When I was 28 years old and a 3rd year resident in pediatrics at UAB, I was your typical doctor to be. I was running around the hospital on different rotations, being a dad of two young boys born 18 months apart, and trying to sleep whenever I could.
Over the course of two months, I started to notice some things about myself. I started to become incredibly thirsty all the time and I was waking up 6-7 times a night to go urinate. And it wasn’t just a small amount, it was a huge volume! I was hungry all the time too. At the time, I was working overnight shifts in the ER and moonlighting in the neonatal nursery. I blamed my crazy body symptoms on my hectic schedule with coffee at crazy hours in the night and not sleeping well. I also had occasional blurry vision, but just chalked that off to being tired. I didn’t really notice until a month or two later that I was losing weight. In fact, I lost almost 25 lbs! I’m not a big guy, so this was pretty drastic to say the least. I kept brushing it off and brushing it off. But finally, it hit me like a ton of bricks- I have Type 1 Diabetes! I was stunned. I went to our resident clinic and ran some tests. Sure enough, my blood glucose was through the roof and I was almost dehydrated. Within 24 hours, I had seen my internist at UAB and was plugged in with an endocrinologist (diabetes specialist). I was fine… but I was lucky.

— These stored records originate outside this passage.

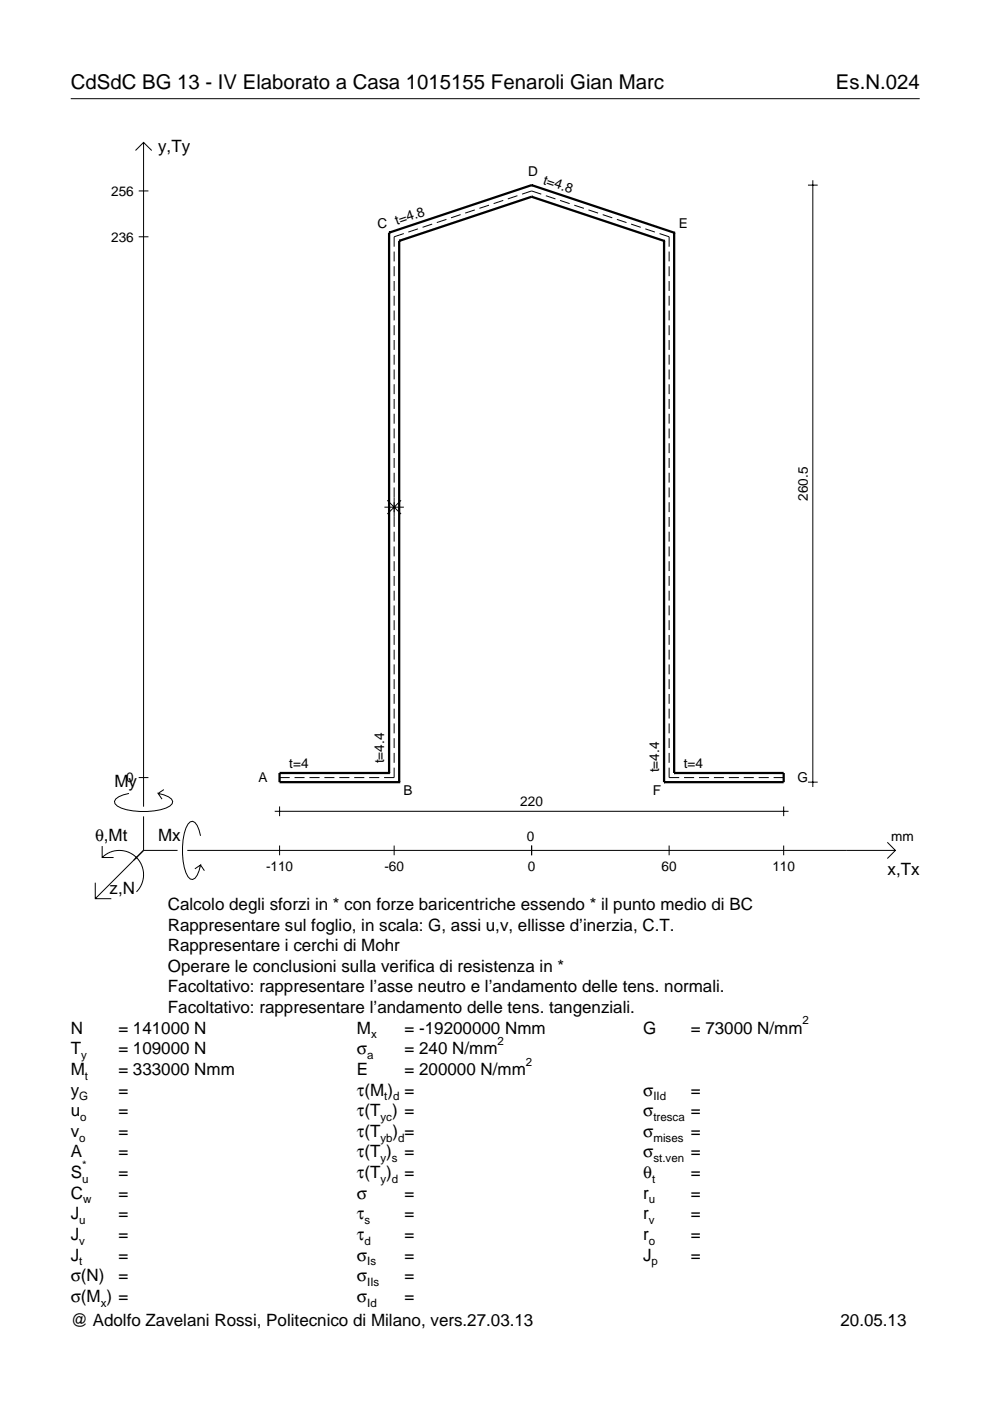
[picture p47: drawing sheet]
<svg xmlns="http://www.w3.org/2000/svg" width="210mm" height="297mm" viewBox="0 0 210 297" stroke-linecap="round" stroke-linejoin="round" font-family="sans-serif">
<defs><g id="words">
<g font-size="4.3">
<text x="15" y="18.9">CdSdC BG 13 - IV Elaborato a Casa 1015155 Fenaroli Gian Marc</text>
<text x="177.2" y="18.9">Es.N.024</text>
</g>
<g font-size="3.6">
<text x="33.5" y="32.3">y,Ty</text>
<text x="24.3" y="166.9">My</text>
<text x="20.1" y="178.2">θ,Mt</text>
<text x="33.5" y="178.2">Mx</text>
<text x="188.2" y="185.5">x,Tx</text>
<text x="23.2" y="189.6">z,N</text>
<text x="35.6" y="192.9">Calcolo degli sforzi in * con forze baricentriche essendo * il punto medio di BC</text>
<text x="35.6" y="197.3">Rappresentare sul foglio, in scala: G, assi u,v, ellisse d’inerzia, C.T.</text>
<text x="35.6" y="201.7">Rappresentare i cerchi di Mohr</text>
<text x="35.6" y="206">Operare le conclusioni sulla verifica di resistenza in *</text>
<text x="35.6" y="210.4">Facoltativo: rappresentare l’asse neutro e l’andamento delle tens. normali.</text>
<text x="35.6" y="214.8">Facoltativo: rappresentare l’andamento delle tens. tangenziali.</text>
<text x="15" y="219.2">N</text>
<text x="25.1" y="219.2">= 141000 N</text>
<text x="75.7" y="219.2">M</text>
<text x="85.8" y="219.2">= -19200000 Nmm</text>
<text x="136.4" y="219.2">G</text>
<text x="146.5" y="219.2">= 73000 N/mm</text>
<text x="15" y="223.5">T</text>
<text x="15" y="227.9">M</text>
<text x="25.1" y="223.5">= 109000 N</text>
<text x="25.1" y="227.9">= 333000 Nmm</text>
<text x="75.7" y="223.5">σ</text>
<text x="75.7" y="227.9">E</text>
<text x="85.8" y="223.5">= 240 N/mm</text>
<text x="85.8" y="227.9">= 200000 N/mm</text>
<text x="15" y="232.3">y</text>
<text x="25.1" y="232.3">=</text>
<text x="75.7" y="232.3">τ(M ) =</text>
<text x="136.4" y="232.3">σ</text>
<text x="146.5" y="232.3">=</text>
<text x="15" y="236.7">u</text>
<text x="25.1" y="236.7">=</text>
<text x="75.7" y="236.7">τ(T ) =</text>
<text x="136.4" y="236.7">σ</text>
<text x="146.5" y="236.7">=</text>
<text x="15" y="241">v</text>
<text x="15" y="245.4">A</text>
<text x="25.1" y="241">=</text>
<text x="25.1" y="245.4">=</text>
<text x="75.7" y="245.4">τ(T )</text>
<text x="75.7" y="241">τ(T</text>
<text x="83.3" y="241">) =</text>
<text x="85.8" y="245.4">=</text>
<text x="136.4" y="241">σ</text>
<text x="136.4" y="245.4">σ</text>
<text x="146.5" y="241">=</text>
<text x="146.5" y="245.4">=</text>
<text x="15" y="249.8">S</text>
<text x="25.1" y="249.8">=</text>
<text x="75.7" y="249.8">τ(T )</text>
<text x="85.8" y="249.8">=</text>
<text x="136.4" y="249.8">θ</text>
<text x="146.5" y="249.8">=</text>
<text x="15" y="254.2">C</text>
<text x="25.1" y="254.2">=</text>
<text x="75.7" y="254.2">σ</text>
<text x="85.8" y="254.2">=</text>
<text x="136.4" y="254.2">r</text>
<text x="146.5" y="254.2">=</text>
<text x="15" y="258.5">J</text>
<text x="15" y="262.9">J</text>
<text x="25.1" y="258.5">=</text>
<text x="25.1" y="262.9">=</text>
<text x="75.7" y="258.5">τ</text>
<text x="75.7" y="262.9">τ</text>
<text x="85.8" y="258.5">=</text>
<text x="85.8" y="262.9">=</text>
<text x="136.4" y="258.5">r</text>
<text x="136.4" y="262.9">r</text>
<text x="146.5" y="258.5">=</text>
<text x="146.5" y="262.9">=</text>
<text x="15" y="267.3">J</text>
<text x="25.1" y="267.3">=</text>
<text x="75.7" y="267.3">σ</text>
<text x="85.8" y="267.3">=</text>
<text x="136.4" y="267.3">J</text>
<text x="146.5" y="267.3">=</text>
<text x="15" y="271.7">σ(N)</text>
<text x="25.1" y="271.7">=</text>
<text x="75.7" y="271.7">σ</text>
<text x="85.8" y="271.7">=</text>
<text x="15" y="281.2">@ Adolfo Zavelani Rossi, Politecnico di Milano, vers.27.03.13</text>
<text x="15" y="276">σ(M ) =</text>
<text x="75.7" y="276">σ</text>
<text x="85.8" y="276">=</text>
<text x="178.2" y="281.2">20.05.13</text>
</g>
<g font-size="2.9">
<text x="23.6" y="41.5">256</text>
<text x="112" y="37.4">D</text>
<text x="115" y="38.9" transform="rotate(18 115 38.9)">t=4.8</text>
<text x="84.1" y="47.7" transform="rotate(-18 84.1 47.7)">t=4.8</text>
<text x="23.6" y="51.2">236</text>
<text x="80" y="48.3">C</text>
<text x="143.9" y="48.3">E</text>
<text x="171.3" y="106.1" transform="rotate(-90 171.3 106.1)">260.5</text>
<text x="81.5" y="161.8" transform="rotate(-90 81.5 161.8)">t=4.4</text>
<text x="26.8" y="165.9">0</text>
<text x="54.8" y="165.8">A</text>
<text x="61.3" y="162.9">t=4</text>
<text x="139.8" y="163.8" transform="rotate(-90 139.8 163.8)">t=4.4</text>
<text x="145" y="162.9">t=4</text>
<text x="169.1" y="165.8">G</text>
<text x="85.5" y="168.5">B</text>
<text x="110.3" y="171">220</text>
<text x="138.4" y="168.5">F</text>
<text x="111.7" y="178.2">0</text>
<text x="189" y="178.2">mm</text>
<text x="56.4" y="184.7">-110</text>
<text x="81.5" y="184.7">-60</text>
<text x="111.9" y="184.7">0</text>
<text x="140.3" y="184.7">60</text>
<text x="163.8" y="184.7">110</text>
</g>
<g font-size="2.4">
<text x="78.7" y="220.2">x</text>
<text x="105.5" y="221.5">2</text>
<text x="170.2" y="217.2">2</text>
<text x="17.2" y="224.5">y</text>
<text x="77.9" y="224.5">a</text>
<text x="111.5" y="225.9">2</text>
<text x="16.8" y="233.3">G</text>
<text x="18" y="228.9">t</text>
<text x="81.5" y="233.3">t d</text>
<text x="138.5" y="233.3">IId</text>
<text x="17" y="237.7">o</text>
<text x="80.7" y="237.7">yc</text>
<text x="138.5" y="237.7">tresca</text>
<text x="16.8" y="242">o</text>
<text x="80.7" y="242">yb d</text>
<text x="138.5" y="242">mises</text>
<text x="17.4" y="250.8">u</text>
<text x="17.4" y="247.8">*</text>
<text x="80.7" y="246.4">y s</text>
<text x="80.7" y="250.8">y d</text>
<text x="138.2" y="250.8">t</text>
<text x="138.5" y="246.4">st.ven</text>
<text x="17.6" y="255.2">w</text>
<text x="137.6" y="255.2">u</text>
<text x="16.8" y="259.5">u</text>
<text x="16.8" y="263.9">v</text>
<text x="77.3" y="259.5">s</text>
<text x="77.3" y="263.9">d</text>
<text x="137.6" y="259.5">v</text>
<text x="137.6" y="263.9">o</text>
<text x="16.8" y="268.3">t</text>
<text x="77.9" y="268.3">Is</text>
<text x="138.2" y="268.3">p</text>
<text x="77.9" y="272.7">IIs</text>
<text x="21.4" y="277">x</text>
<text x="77.9" y="277">Id</text>
</g>
</g></defs>
<g fill="none" stroke="#000" stroke-width=".21">
<path d="M15 20.9h180M28.7 31.9l1.7-1.7 1.8 1.7M30.4 30.2v140.8M171.3 39.3h2.1M172.3 38.2v128.7M29.4 40.5h2.1M29.4 50.2h2.1M83.6 53.3v2.1M83.6 56.5v2.1M83.6 59.6v2.1M85.6 49.5l-2 .7v2.1M88.6 48.5l-2 .7"/>
<path d="M91.6 47.5l-2 .7M94.6 46.5l-2 .7M97.7 45.5l-2.1 .7M100.7 44.5l-2.1 .7M103.7 43.5l-2.1 .7M106.7 42.5l-2 .7M109.7 41.5l-2 .7M110.7 41.2l2-.7 2.1 .7M115.7 41.5l2.1 .7M118.7 42.5l2.1 .7M121.8 43.5l2 .7M124.8 44.5l2 .7"/>
<path d="M127.8 45.5l2 .7M130.8 46.5l2 .7M133.8 47.5l2 .7M136.8 48.5l2.1 .7M139.8 49.5l2.1 .7v2.1M141.9 53.3v2.1M141.9 56.5v2.1M141.9 59.6v2.1M83.6 62.7v2.1M83.6 65.8v2.1M83.6 69v2.1M83.6 72.1v2.1"/>
<path d="M83.6 75.2v2.1M83.6 78.3v2.1M141.9 62.7v2.1M141.9 65.8v2.1M141.9 69v2.1M141.9 72.1v2.1M141.9 75.2v2.1M141.9 78.3v2.1M83.6 81.5v2.1M83.6 84.6v2.1M83.6 87.7v2.1M83.6 90.9v2"/>
<path d="M83.6 94v2.1M83.6 97.1v2.1M141.9 81.5v2.1M141.9 84.6v2.1M141.9 87.7v2.1M141.9 90.9v2M141.9 94v2.1M141.9 97.1v2.1M81.5 107.5h4.1M82.1 106.1l2.9 2.9M83.6 100.2v2.1M83.6 103.4v8.3"/>
<path d="M83.6 112.7v2.1M83.6 115.9v2.1M83.6 119v2.1M85 106.1l-2.9 2.9M141.9 100.2v2.1M141.9 103.4v2.1M141.9 106.5v2.1M141.9 109.6v2.1M141.9 112.7v2.1M141.9 115.9v2.1M141.9 119v2.1M83.6 122.1v2.1"/>
<path d="M83.6 125.2v2.1M83.6 128.4v2.1M83.6 131.5v2.1M83.6 134.6v2.1M83.6 137.8v2M141.9 122.1v2.1M141.9 125.2v2.1M141.9 128.4v2.1M141.9 131.5v2.1M141.9 134.6v2.1M141.9 137.8v2M83.6 140.9v2.1"/>
<path d="M83.6 144v2.1M83.6 147.1v2.1M83.6 150.3v2.1M83.6 153.4v2.1M83.6 156.5v2.1M83.6 159.6v2.1M141.9 140.9v2.1M141.9 144v2.1M141.9 147.1v2.1M141.9 150.3v2.1M141.9 153.4v2.1M141.9 156.5v2.1"/>
<path d="M141.9 159.6v2.1M21.7 179.4v2.4h2.4M27.3 168.2a3.6 3.6 0 0 0-3 1.7l.1 .5a5.6 5.6 0 0 0 3.8 1.5 13.4 13.4 0 0 0 7.8-1l.5-.5 .1-.5a3.6 3.6 0 0 0-3.1-1.7l.8 1.2M29.4 164.9h2.1M30.4 173.1v7.2M34.7 167.4l-1.2 .8M42.5 177.2a3.6 3.6 0 0 0-1.7-3.1l-.5 .2a5.7 5.7 0 0 0-1.5 3.7 13.3 13.3 0 0 0 1 7.9l.5 .5 .5 .1a3.6 3.6 0 0 0 1.7-3.1l-1.2 .8M58.2 172h109M59.3 164.9h2.1M59.3 171v2M59.3 179.3v2M62.4 164.9h2.2"/>
<path d="M65.6 164.9h2.1M68.8 164.9h2.1M71.9 164.9h2.2M75.1 164.9h2.1M78.3 164.9h2.1M83.6 162.8v2.1h-2.2M83.6 179.3v2M112.7 179.3v2M141.9 162.8v2.1h2.1M141.9 179.3v2M145 164.9h2.2M148.2 164.9h2.1"/>
<path d="M151.4 164.9h2.1M154.5 164.9h2.2M157.7 164.9h2.1M160.9 164.9h2.1M164 164.9h2.2M166.2 171v2M166.2 179.3v2M171.3 165.8h2.1M188.1 178.6l1.7 1.7-1.7 1.7M20.2 187.2v3.3h3.4M21.7 181.8a5.1 5.1 0 0 1 7.2 0 5.1 5.1 0 0 1 0 7.3M30.4 180.3l-10.2 10.2"/>
<path d="M30.4 180.3h7.2M39.7 180.3h150.1M42.5 183.4l.8 1.2"/>
</g>
<g fill="none" stroke="#000" stroke-width=".48">
<path d="M112.7 39.3h.1M112.7 39.3l-30.2 10M112.7 39.3l30.2 10M82.5 49.3h.1M82.5 49.3v114.6M84.6 51.1h.1M84.6 51.1v114.7M112.7 41.7h.1M112.7 41.7l-28.1 9.4M112.7 41.7l28.1 9.4M140.8 51.1h.1M140.8 51.1v114.7"/>
<path d="M142.9 49.3h.1M142.9 49.3v114.6M82.5 163.9h.1M82.5 163.9h-23.2v1.9h25.3M84.6 165.8h.1M140.8 165.8h.1M142.9 163.9h.1M142.9 163.9h23.3v1.9h-25.4"/>
</g>
<use href="#words"/>
</svg>

I tell you this story because it documents a growing trend in our country. Diabetes is becoming more and more prevalent, although it’s not exactly clear why. Let’s talk about diabetes in general and then get to some specifics about kids.
There are two types of diabetes, Type 1 and Type 2. Type 1 often occurs in kids (although with me it occurred in my 20s) and has a strong genetic or family predisposition. Typically these kids are healthy and of average weight when symptoms start. In Type 1 diabetes, the body attacks its own pancreas and leads to an absence of insulin. Insulin is necessary to ensure that glucose floating around in the blood stream gets into the individual cells. Lack of insulin leads to an increase in blood sugar and all the above symptoms. If the symptoms are not caught and go too far, then the body can go into diabetic ketoacidosis or DKA. When this happens, the body is severely dehydrated and acidotic and unfortunately can lead to death if not treated. Treatment involves rehydration and supplemental insulin to get the blood sugar and symptoms under control. Type 1 Diabetes is not reversible, but there some amazing studies going on right now that are trying to find a cure or at least slow it down.
Type 2 diabetes is a disease of insulin resistance. The body makes insulin, but cannot use it properly. Oftentimes, this is found in overweight adults, but we are seeing it more and more in adolescents and teenagers. It is possible to reverse Type 2 Diabetes and treatment involves weight loss, exercise, diet changes and medication. If not treated and controlled, both types of diabetes can lead to an increased risk for heart attack, stroke, kidney disease, eye disease and poor wound healing.
In our community, there have been a lot of newly diagnosed children with Type 1 Diabetes. So, how would you know? You need to look for signs- is my child thirsty all the time? Or urinating all the time? Have they had an unexpected weight loss? Does their breath smell sweet? If you have noticed any of these symptoms, it never hurts to have your child checked out. Luckily, there are a lot of more common possible explanations for these symptoms. But, if you are worried, a simple urinalysis can usually reveal what is going on in just a few minutes. If need be, bloodwork can be drawn as well. When in doubt, check with your child’s doctor for answers and peace of mind.